本発明は、被膜形成方法に関するものである。
建築物、土木構築物等の躯体の保護、意匠性の付与、及び美観性等を高める目的で各種被覆材によって塗装が施されている。中でも、屋根材は、雨水や太陽の直射日光等の厳しい自然環境の影響を直接受けるために劣化しやすく、耐候性が必要とされており、例えば、特許文献1には、アクリルポリオールを含有する主剤、並びにイソシアネート及びシランカップリング剤を含有する硬化剤からなる被覆材が記載されている。
一方、屋根材の塗装は、一般的に屋外で行われることから、塗装環境(気温等)の影響を受けることとなる。例えば、乾燥過程において雨水や結露等によって被膜に水分が付着する場合がある。このような水分の付着は、被膜の不具合を引き起こすおそれがある。また、屋根材は、温度変化等で伸縮する場合があり、その上の被膜には追従性が必要とされる。
特開2016-160395号公報
本発明は、上述のような問題点に鑑みなされたものであり、乾燥過程での水分に起因する不具合を抑え、耐候性、追従性に優れた被膜が形成できる方法を提供することを目的とするものである。
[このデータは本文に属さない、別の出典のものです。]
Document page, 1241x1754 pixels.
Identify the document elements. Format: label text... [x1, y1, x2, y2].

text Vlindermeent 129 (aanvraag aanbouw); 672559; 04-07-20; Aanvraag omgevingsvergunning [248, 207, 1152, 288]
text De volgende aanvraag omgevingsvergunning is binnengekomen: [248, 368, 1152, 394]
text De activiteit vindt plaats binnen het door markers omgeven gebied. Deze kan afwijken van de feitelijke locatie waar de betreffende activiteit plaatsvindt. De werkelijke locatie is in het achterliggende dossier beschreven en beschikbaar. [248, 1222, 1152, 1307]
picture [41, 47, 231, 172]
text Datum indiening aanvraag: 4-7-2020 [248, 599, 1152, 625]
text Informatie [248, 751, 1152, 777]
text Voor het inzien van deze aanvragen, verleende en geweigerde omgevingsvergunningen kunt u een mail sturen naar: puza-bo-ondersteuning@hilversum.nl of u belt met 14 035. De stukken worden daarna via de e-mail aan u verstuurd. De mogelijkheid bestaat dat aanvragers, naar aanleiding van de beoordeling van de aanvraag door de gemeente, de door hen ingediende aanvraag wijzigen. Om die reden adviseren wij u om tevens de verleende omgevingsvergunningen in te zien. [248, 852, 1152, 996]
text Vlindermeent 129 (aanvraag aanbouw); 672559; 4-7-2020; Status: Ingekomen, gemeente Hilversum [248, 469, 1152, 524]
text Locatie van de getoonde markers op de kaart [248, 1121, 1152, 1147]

このような課題を解決するために本発明者らは、鋭意検討の結果、屋根材に対し、特定の上塗材を塗付して被膜を形成する被膜形成方法に想到し、本発明を完成させるに至った。
すなわち、本発明は以下の特徴を有するものである。
1.屋根材に対し上塗材を塗付する被膜形成方法であって、
前記上塗材は、主剤及び硬化剤を有し、
前記主剤は、ポリオール化合物(A)を含み、
前記硬化剤は、ポリイソシアネート化合物(B)、及びシリケート化合物(C)を含み、
前記ポリイソシアネート化合物(B)は、イソシアネート基含有量が14重量%未満であるポリイソシアネート化合物(b1)及び、イソシアネート基含有量が14重量%以上であるポリイソシアネート化合物(b2)含むことを特徴とする被膜形成方法。
2.前記ポリイソシアネート化合物(B)中に、前記ポリイソシアネート化合物(b1)を20~90重量%含むことを特徴とする1.に記載の被膜形成方法。
3.前記ポリオール化合物(A)の固形分100重量部に対して、前記シリケート化合物(C)を0.1~50重量部含むことを特徴とする1.または2.に記載の被膜形成方法。
4.前記ポリオール化合物(A)は、シリコーン成分を含むことを特徴とする1.または2.に記載の被膜形成方法。
本発明の被膜形成方法によれば、屋根材の塗装において、乾燥過程での水分に起因する不具合を抑え、耐候性、追従性に優れた被膜が形成できる。
以下、本発明を実施するための形態について説明する。
本発明の被膜形成方法は、屋根材に対し、特定の上塗材を塗付(塗装)するものである。
屋根材とは、屋根部を構成するものであり、例えば、金属製屋根材、窯業系屋根材等が挙げられる。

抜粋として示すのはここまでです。